O coronel Henry Steele Olcott, advogado e militar muito honrado pela sua participação na Guerra Civil, foi o grande companheiro de H.P. Blavatsky, co-fundador da Sociedade Teosófica. Estudioso do Espiritismo, Olcott conheceu Blavatsky em Chittenden, estado de Vermont, numa fazenda chamada Hospedaria Eddy, onde estavam ocorrendo fenômenos espantosos: materialização de formas fantasmagóricas, conforme vinha sendo divulgado no periódico Banner Light. As aparições, sensacionais, atraíam muitos visitantes. Olcott foi ao local e lá ficou quatro dias.

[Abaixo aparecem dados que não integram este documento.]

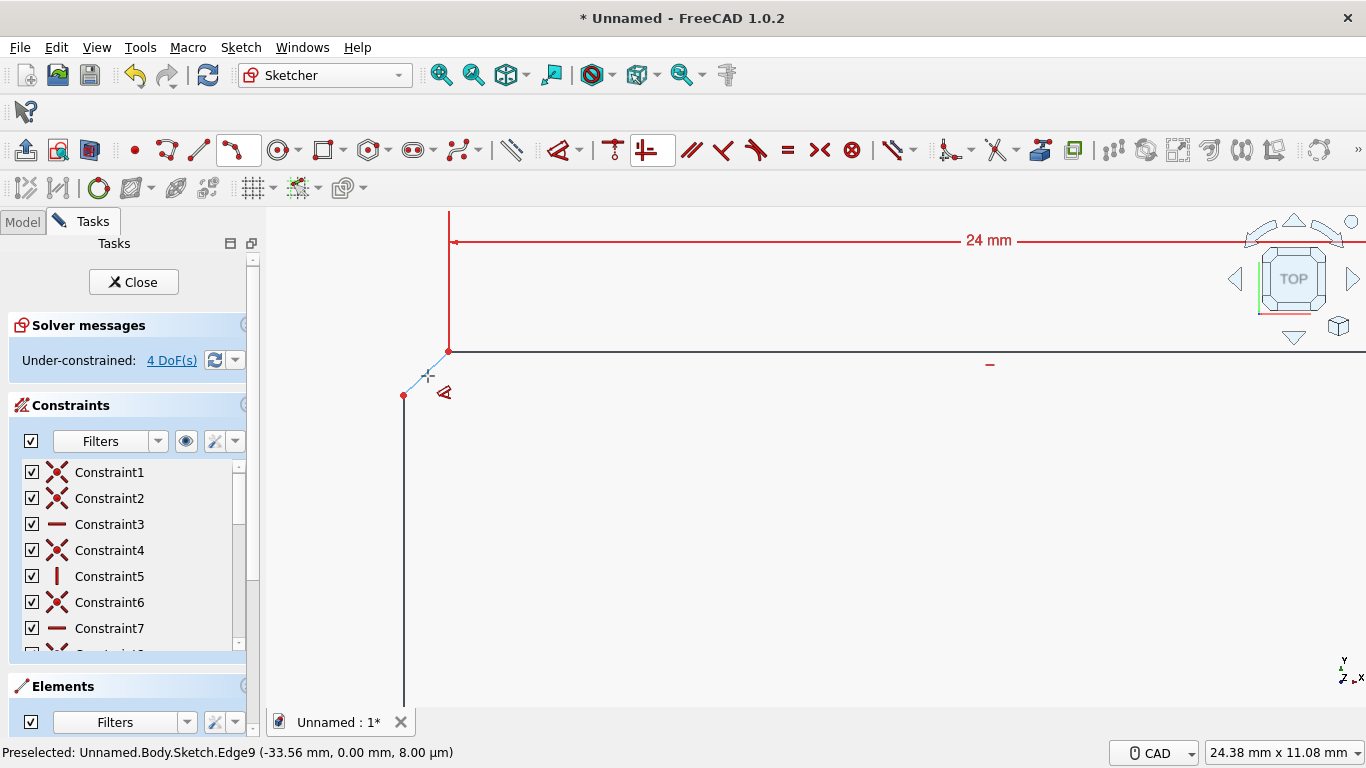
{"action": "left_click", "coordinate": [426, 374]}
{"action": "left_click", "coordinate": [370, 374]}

De volta a Nova Iorque, escreveu um artigo que foi publicado no New Iorque Sun. O artigo fez muito sucesso e o pesquisador foi convidado por outro jornal, o New Iorque Daily Graphic para fazer uma série de reportagens sobre o tema. Olcott voltou à Hospedaria Eddy e ali encontrou Madame que, atraída pelas reportagens, foi ver de perto os tais fenômenos. Ela fez mais do quer ver: depois de sua chegada, os fenômenos ganharam um novo colorido porque ela mesma produziu fenômenos: “Até o momento em que HPB apareceu em cena, as figuras que se mostravam ali eram de índios pele-vermelha, americanos ou europeus parecidos com os visitantes. Mas na primeira noite de sua chegada, figuras de outras nacionalidades começaram a se mostrar… Havia um jovem servo georgiano do Cáucaso, um mercador muçulmano de Tiflis, uma camponesa russa e outros” [CALDWELL, p 59].

Em Nova Iorque, Olcott procurou Blavatsky, que estava morando em Irving Place, nº16. Com ela, o coronel transpôs os limites do espiritismo kardecista e conheceu os filósofos orientais, o budismo e a existência dos adeptos [os Mahatmas ou Irmãos do Himalaia]. Mais tarde, foi adotado como discípulo pelo Mestre Koot Hoomi.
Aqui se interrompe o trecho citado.